The indications so far are not promising.
If the best prediction of the future is the past, then we should have real concerns. Societies that have cast off Christian values almost inevitably collapse into some sort of abusive totalitarianism that dehumanizes and devalues people. It has consigned millions to starve to death in its pursuit of communist collective ideology; it has murdered people in gas chambers, and littered “killing fields” with bones in Cambodia. At a societal level, history teaches us that humanism inevitably transmutes to inhumanism despite the ideals of its secular opinion leaders and philosophers.
Despite this, the West is now blindly stumbling towards an atheistic future, banning Jesus from its schools, from its politics, and from its laws on sexual morality and marriage. Forgive me if I am not optimistic about this. It is difficult not to feel a little bleak as a new generation emerges that does not its identity or what it is that guarantees worth and hope.
So, what does this mean?
It means this: There is an urgent need for our nation to repent, to discover its true purpose, true value, true meaning and true hope. It is time to again look seriously at the claims of Jesus. Jesus said:
“I am the way and the truth and the life. No one comes to the Father except through me.” (John 14:6).
I reckon that’s motive enough for you and I to check out who Jesus is and what his message of hope was.
And it is significant that you can check it out. Why? Because Christianity is evidenced based. It centres on Christ Jesus, a man whom even non-Christian historians in the first century, such as Tacitus and Josephus, wrote about.
So the Christian hope is not just wishful thinking. It is not a philosophical analgesic someone dreamed up to make them feel better in the face of the inevitability of death.
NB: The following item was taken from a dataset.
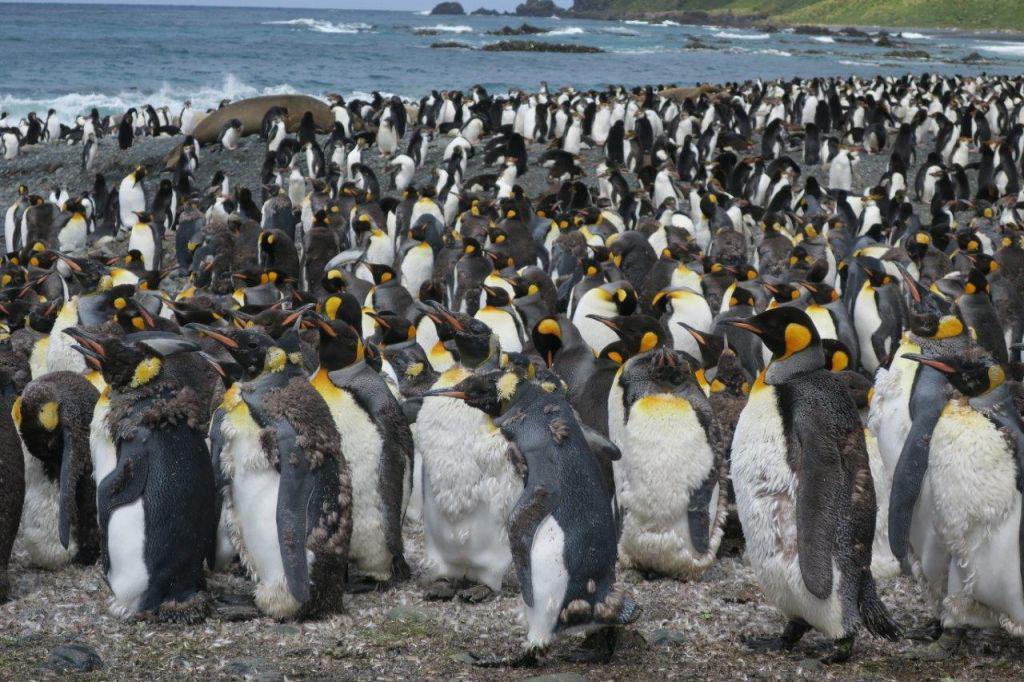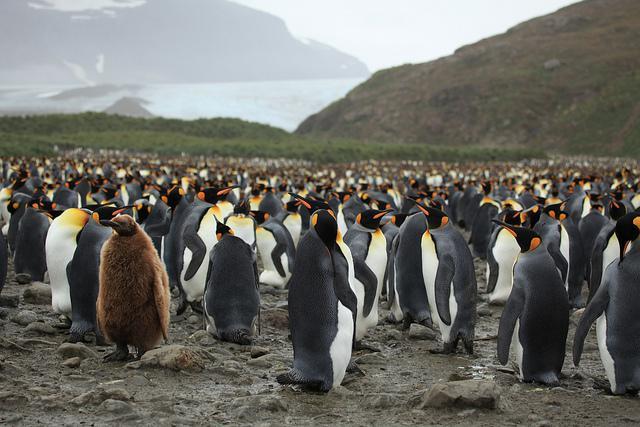The first image is the image on the left, the second image is the image on the right. Assess this claim about the two images: "A brown-feathered penguin is standing at the front of a mass of penguins.". Correct or not? Answer yes or no. Yes. The first image is the image on the left, the second image is the image on the right. Examine the images to the left and right. Is the description "The ocean shore is seen behind the penguins" accurate? Answer yes or no. Yes. 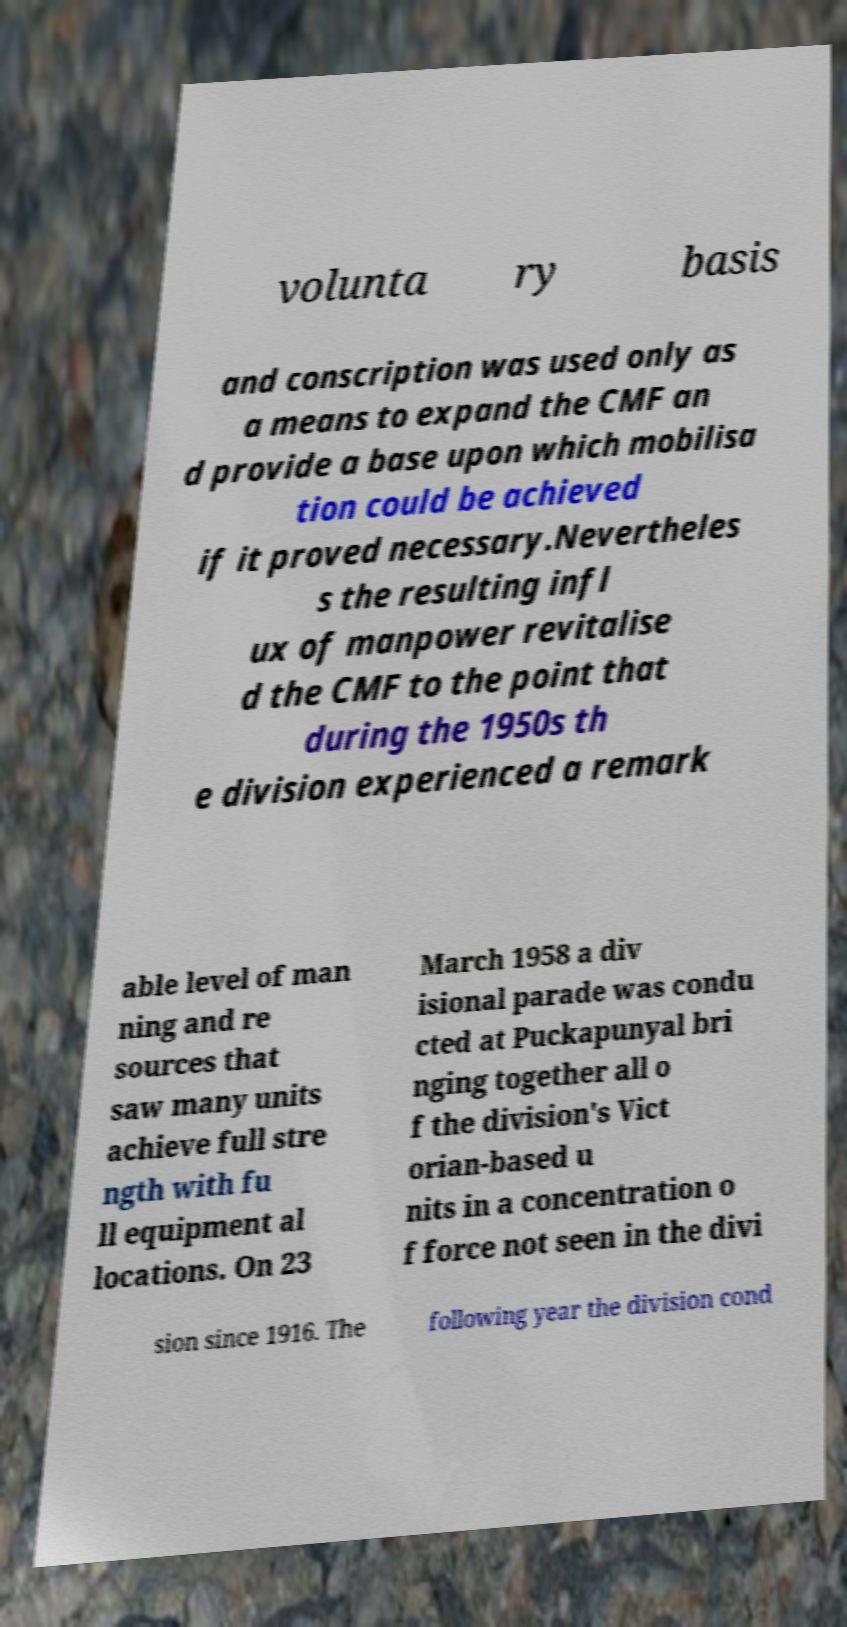For documentation purposes, I need the text within this image transcribed. Could you provide that? volunta ry basis and conscription was used only as a means to expand the CMF an d provide a base upon which mobilisa tion could be achieved if it proved necessary.Nevertheles s the resulting infl ux of manpower revitalise d the CMF to the point that during the 1950s th e division experienced a remark able level of man ning and re sources that saw many units achieve full stre ngth with fu ll equipment al locations. On 23 March 1958 a div isional parade was condu cted at Puckapunyal bri nging together all o f the division's Vict orian-based u nits in a concentration o f force not seen in the divi sion since 1916. The following year the division cond

It has at its heart, the love of God, the initiative of God and the presence of God amongst us as Jesus.
Christian hope is therefore a future certainty grounded in the reality of Jesus.
There is not much hope without the truth of God, is there? The German philosopher, Friedrich Nietzsche, popularised the idea that “God is dead” and attacked all doctrines which he considered to drain life’s “expansive energies.” (This probably helped explain why he went mad he died – probably of syphilis in 1900.) Without God, his “life expanding” comments didn’t amount to much. He said:
“In reality, hope is the worst of all evils, because it prolongs man’s torments.”
So, when you are tired of the deceits of humankind and feel ready to embrace truth, check out the hope that Jesus’ death on the cross has won for you.